Song was recorded with a directional condenser microphone (model AT835b, Audio Technica, Stow, OH, USA) positioned about 0.5 m from the bird. All walls of the experimental room were covered with 5 cm thick fiber glass core, mylar encapsulated sound absorbing panels (Acoustical Surfaces, Inc., Chaska, MN, USA) to minimize sound reflection.

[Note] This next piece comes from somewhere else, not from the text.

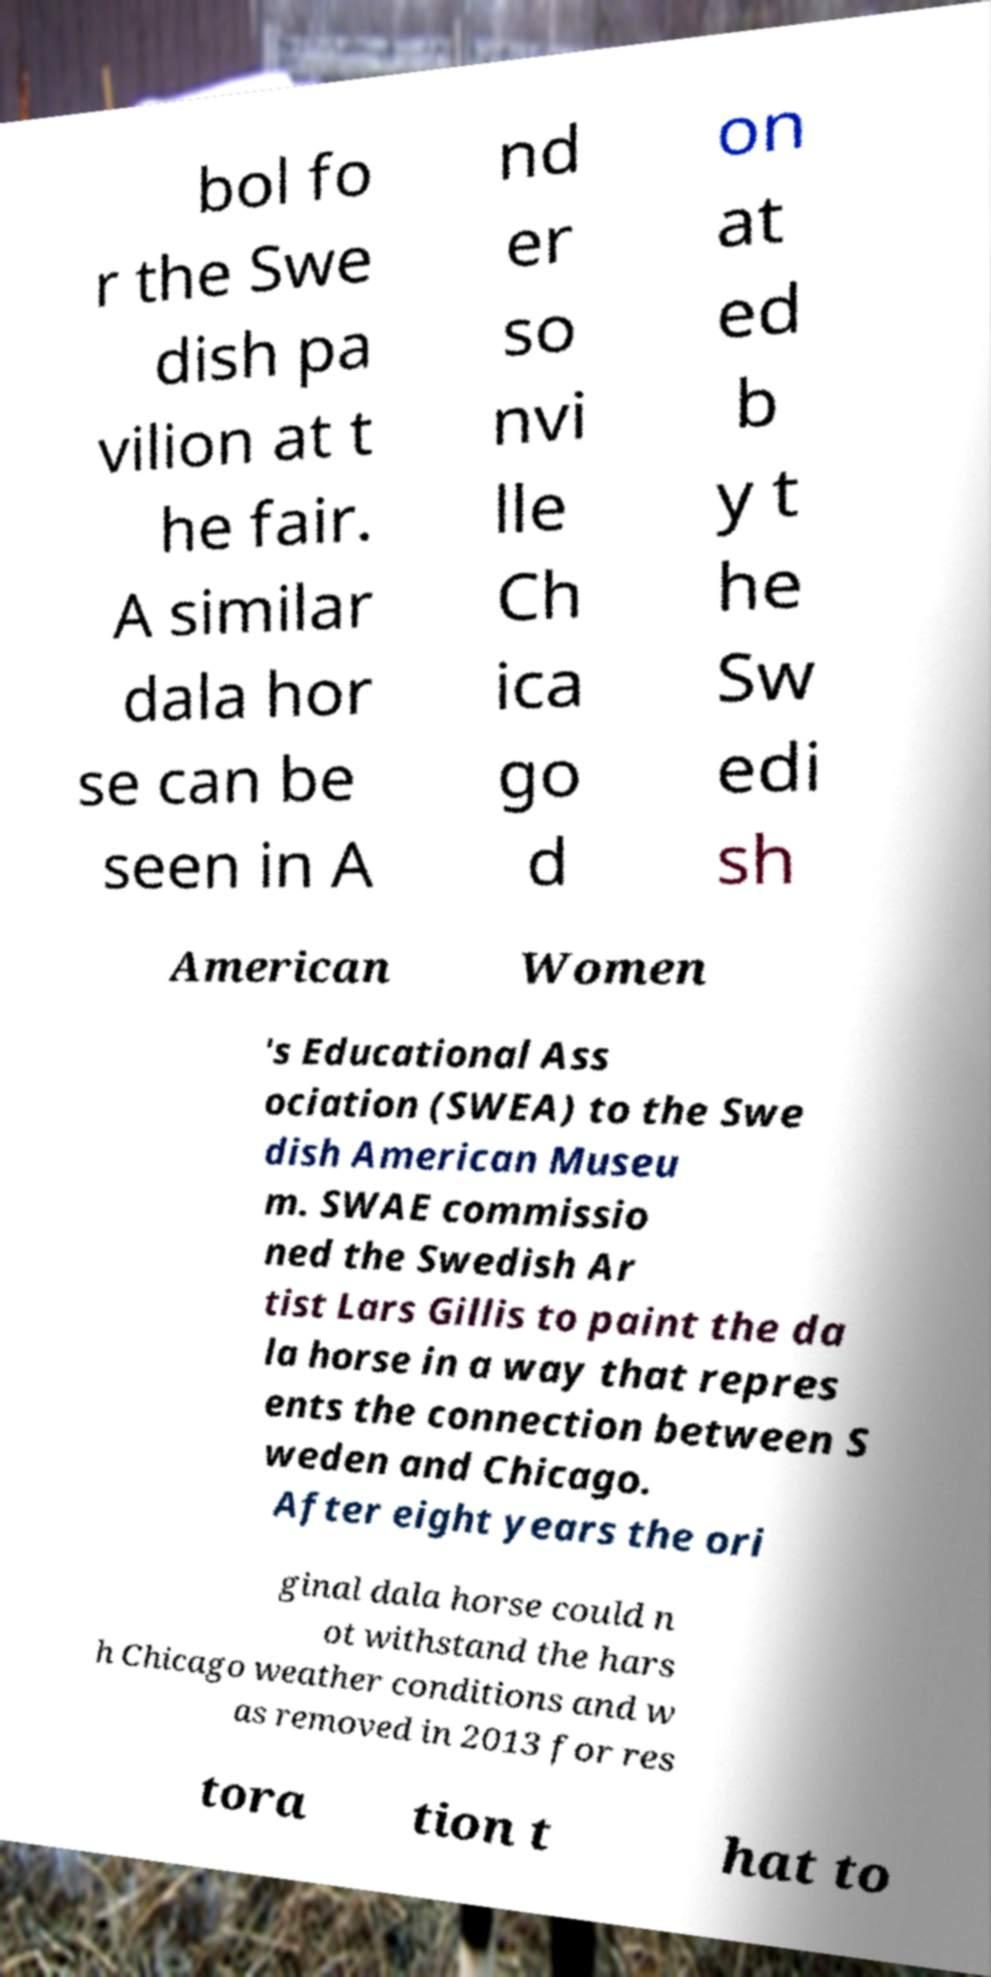Please read and relay the text visible in this image. What does it say? bol fo r the Swe dish pa vilion at t he fair. A similar dala hor se can be seen in A nd er so nvi lle Ch ica go d on at ed b y t he Sw edi sh American Women 's Educational Ass ociation (SWEA) to the Swe dish American Museu m. SWAE commissio ned the Swedish Ar tist Lars Gillis to paint the da la horse in a way that repres ents the connection between S weden and Chicago. After eight years the ori ginal dala horse could n ot withstand the hars h Chicago weather conditions and w as removed in 2013 for res tora tion t hat to

A lateral view of the supra-syringeal vocal tract during song was recorded by cineradiography of the spontaneously singing bird as it sat on the perch in front of the C-arm image intensifier. It was not possible to record from a frontal view because of the X-ray opaque markers in the tongue (see below) not being visible against the dense skull and beak. During most experiments, the C-arm was operated in a digital cine mode at 30 frames s−1 at about 50 kVp and 24 mA. Each frame was produced by one 10 ms X-ray pulse and had an image resolution of 1 k×1 k pixels. In most experiments, the digital signal from the fluoroscope was recorded on a video recorder (Sony GVD-1000 Video Walkman, MiniDV format, 480×480 pixels) and the bird's vocalizations were recorded on the audio channel of the video recorder.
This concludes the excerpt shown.